____ THE RECORDS

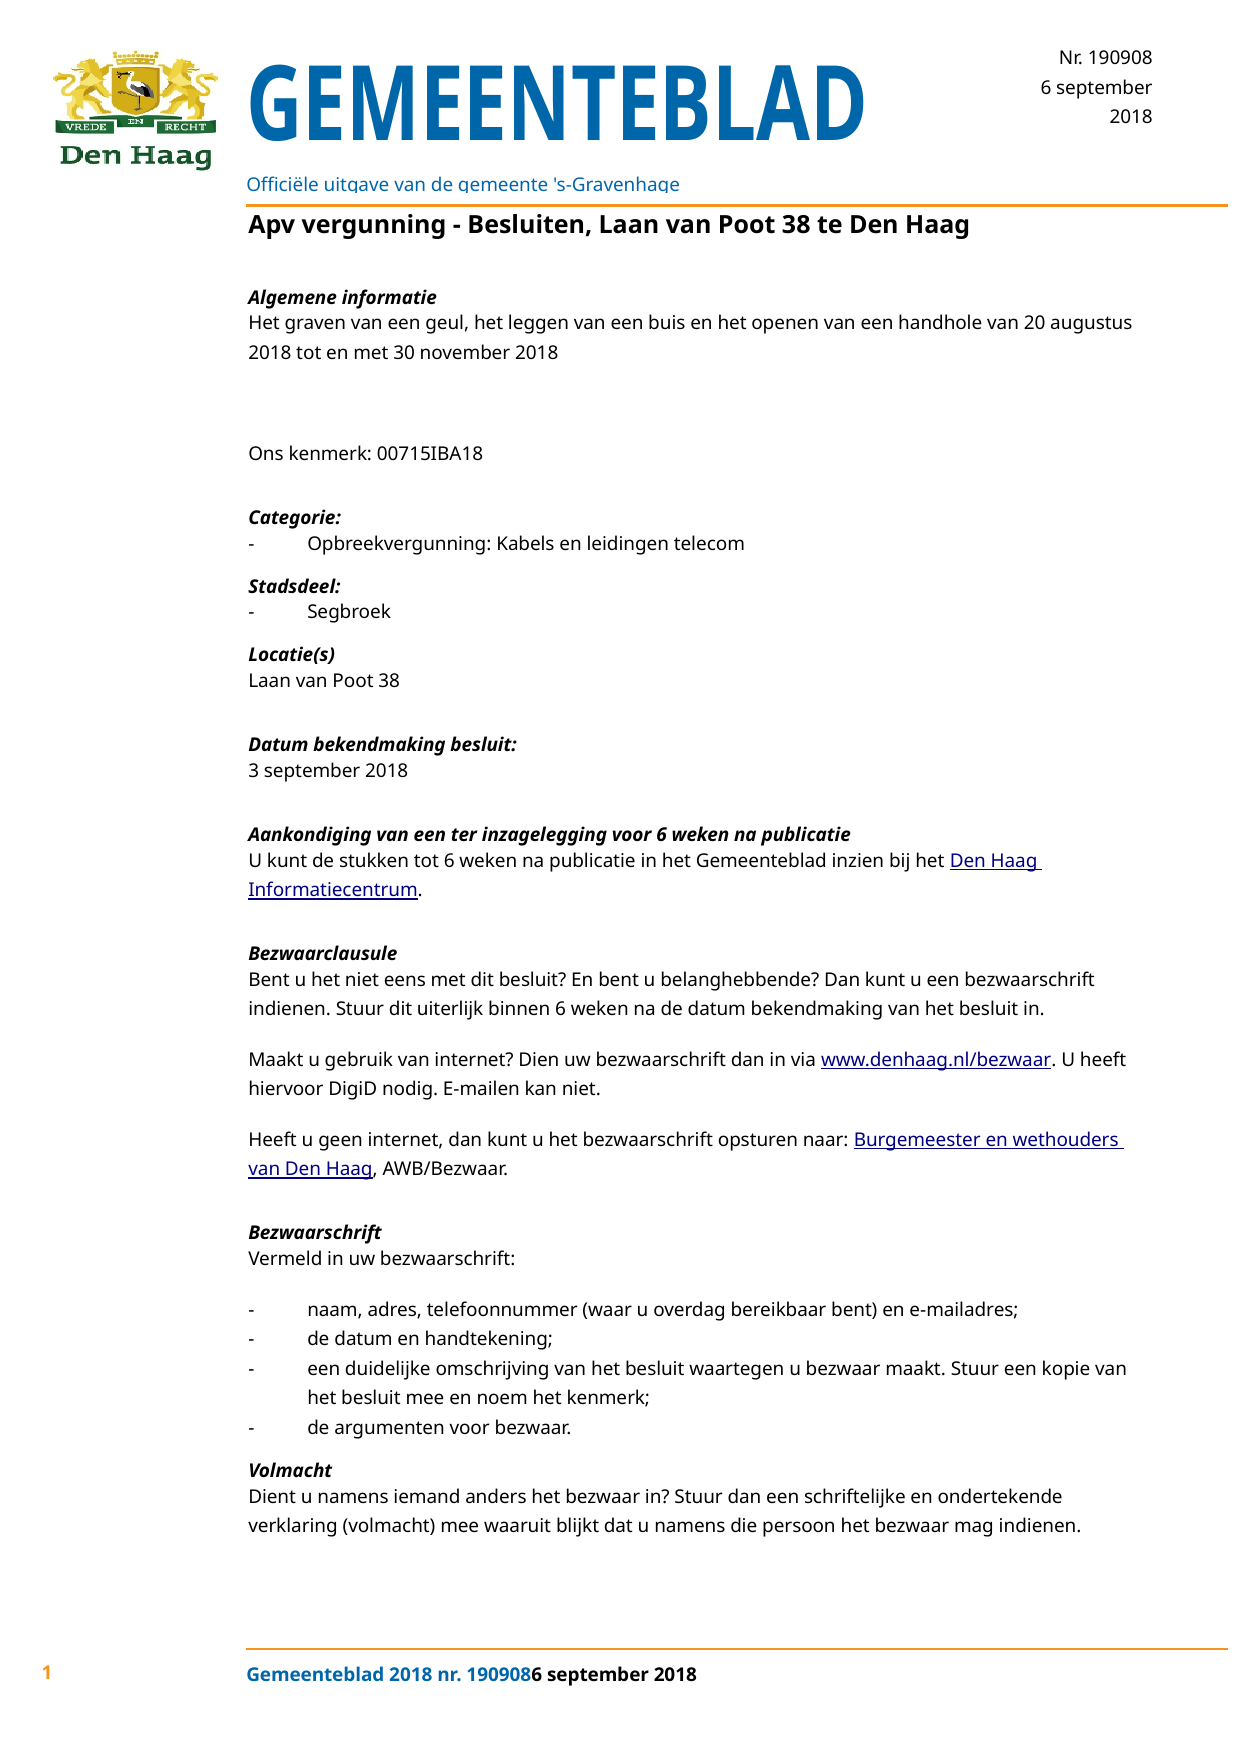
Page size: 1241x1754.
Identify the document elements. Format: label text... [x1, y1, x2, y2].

list Segbroek [248, 598, 1152, 624]
text U kunt de stukken tot 6 weken na publicatie in het Gemeenteblad inzien bij het Den Haag Informatiecentrum. [248, 847, 1152, 902]
text Categorie: [248, 504, 1152, 530]
picture [41, 47, 231, 172]
text Locatie(s) [248, 642, 1152, 667]
text Bent u het niet eens met dit besluit? En bent u belanghebbende? Dan kunt u een bezwaarschrift indienen. Stuur dit uiterlijk binnen 6 weken na de datum bekendmaking van het besluit in. [248, 966, 1152, 1021]
text Heeft u geen internet, dan kunt u het bezwaarschrift opsturen naar: Burgemeester en wethouders van Den Haag, AWB/Bezwaar. [248, 1126, 1152, 1181]
text Laan van Poot 38 [248, 667, 1152, 693]
text Het graven van een geul, het leggen van een buis en het openen van een handhole van 20 augustus 2018 tot en met 30 november 2018 [248, 309, 1152, 365]
list de datum en handtekening; [248, 1325, 1152, 1351]
text Algemene informatie [248, 284, 1152, 309]
text Stadsdeel: [248, 573, 1152, 598]
text Dient u namens iemand anders het bezwaar in? Stuur dan een schriftelijke en ondertekende verklaring (volmacht) mee waaruit blijkt dat u namens die persoon het bezwaar mag indienen. [248, 1483, 1152, 1538]
list een duidelijke omschrijving van het besluit waartegen u bezwaar maakt. Stuur een kopie van het besluit mee en noem het kenmerk; [248, 1355, 1152, 1410]
list naam, adres, telefoonnummer (waar u overdag bereikbaar bent) en e-mailadres; [248, 1296, 1152, 1321]
text Aankondiging van een ter inzagelegging voor 6 weken na publicatie [248, 821, 1152, 847]
text Ons kenmerk: 00715IBA18 [248, 440, 1152, 466]
text Bezwaarclausule [248, 940, 1152, 966]
list de argumenten voor bezwaar. [248, 1414, 1152, 1440]
text Datum bekendmaking besluit: [248, 731, 1152, 757]
text Apv vergunning - Besluiten, Laan van Poot 38 te Den Haag [248, 207, 1152, 241]
text Bezwaarschrift [248, 1219, 1152, 1245]
text Vermeld in uw bezwaarschrift: [248, 1245, 1152, 1271]
text Volmacht [248, 1457, 1152, 1483]
text Maakt u gebruik van internet? Dien uw bezwaarschrift dan in via www.denhaag.nl/bezwaar. U heeft hiervoor DigiD nodig. E-mailen kan niet. [248, 1046, 1152, 1101]
text 3 september 2018 [248, 757, 1152, 783]
list Opbreekvergunning: Kabels en leidingen telecom [248, 530, 1152, 555]

________

Using only the entries above, output the line with "text Categorie: [248, 504, 1152, 530]", the line with "text Stadsdeel: [248, 573, 1152, 598]", and all lines between them, exactly as they stand.

text Categorie: [248, 504, 1152, 530]
picture [41, 47, 231, 172]
text Locatie(s) [248, 642, 1152, 667]
text Bent u het niet eens met dit besluit? En bent u belanghebbende? Dan kunt u een bezwaarschrift indienen. Stuur dit uiterlijk binnen 6 weken na de datum bekendmaking van het besluit in. [248, 966, 1152, 1021]
text Heeft u geen internet, dan kunt u het bezwaarschrift opsturen naar: Burgemeester en wethouders van Den Haag, AWB/Bezwaar. [248, 1126, 1152, 1181]
text Laan van Poot 38 [248, 667, 1152, 693]
text Het graven van een geul, het leggen van een buis en het openen van een handhole van 20 augustus 2018 tot en met 30 november 2018 [248, 309, 1152, 365]
list de datum en handtekening; [248, 1325, 1152, 1351]
text Algemene informatie [248, 284, 1152, 309]
text Stadsdeel: [248, 573, 1152, 598]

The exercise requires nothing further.